Thirty years after my parents were pressured into placing me with an adoption agency, I finally reconnected with them. But it was nothing like the neat stories you see on TV
One morning in late September 2023, I discovered by chance that my birth mother had been killed almost a year earlier. The revelation came while I was searching my work email for a stray message. In the bin folder, amid a slurry of irrelevant press releases, lay an unopened email, flagging a long-forgotten Google alert I had set up for her name, Susan Barras. We had been estranged for almost 15 years, so this in itself provoked trepidation. I had cut contact with her when our relationship had finally become too fraught and emotionally exhausting for me to continue. Opening the email, I realised with shock that the alert had been triggered by a probate notice about her estate.
Susan was only 69 when she died, and my first thought was that the breast cancer she was being treated for when we were in touch had returned.
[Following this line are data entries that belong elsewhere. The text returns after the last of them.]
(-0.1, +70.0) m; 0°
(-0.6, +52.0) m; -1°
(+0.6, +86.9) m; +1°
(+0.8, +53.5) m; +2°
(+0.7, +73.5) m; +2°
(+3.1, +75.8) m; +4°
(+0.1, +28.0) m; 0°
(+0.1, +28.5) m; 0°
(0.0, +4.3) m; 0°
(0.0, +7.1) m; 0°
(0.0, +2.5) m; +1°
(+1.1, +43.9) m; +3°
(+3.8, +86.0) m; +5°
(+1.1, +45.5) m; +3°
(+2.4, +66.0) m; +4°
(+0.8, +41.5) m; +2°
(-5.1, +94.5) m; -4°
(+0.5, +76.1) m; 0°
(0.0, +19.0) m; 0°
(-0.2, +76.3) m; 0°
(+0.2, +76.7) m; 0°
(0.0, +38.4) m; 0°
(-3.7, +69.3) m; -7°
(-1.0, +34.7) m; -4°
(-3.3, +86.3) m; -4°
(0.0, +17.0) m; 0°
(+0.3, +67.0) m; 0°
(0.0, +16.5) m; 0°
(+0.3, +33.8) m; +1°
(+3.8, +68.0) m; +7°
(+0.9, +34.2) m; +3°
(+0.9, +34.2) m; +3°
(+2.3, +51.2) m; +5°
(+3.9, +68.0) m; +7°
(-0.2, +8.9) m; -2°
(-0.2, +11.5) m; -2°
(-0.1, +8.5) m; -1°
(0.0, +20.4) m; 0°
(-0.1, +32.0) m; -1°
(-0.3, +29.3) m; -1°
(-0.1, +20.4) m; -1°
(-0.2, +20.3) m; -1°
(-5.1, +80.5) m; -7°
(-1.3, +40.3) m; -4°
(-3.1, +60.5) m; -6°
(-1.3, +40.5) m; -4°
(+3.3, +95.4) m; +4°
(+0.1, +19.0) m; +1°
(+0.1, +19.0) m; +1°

My second was the realisation that both my birth parents were now dead – my birth father had died of liver failure in late 2018, aged 70. But then the unfamiliar name listed on the probate notice, Suzann Doyle, captured my attention. Underneath this was confirmation that my birth mother had changed her name. Her address at the time of her death posed further questions. It was not that of the large detached house in Guildford I had visited just once, a few months after we were reunited, where she had lived with her husband. This address was for a tiny one-bed retirement flat overlooking Guildford train station.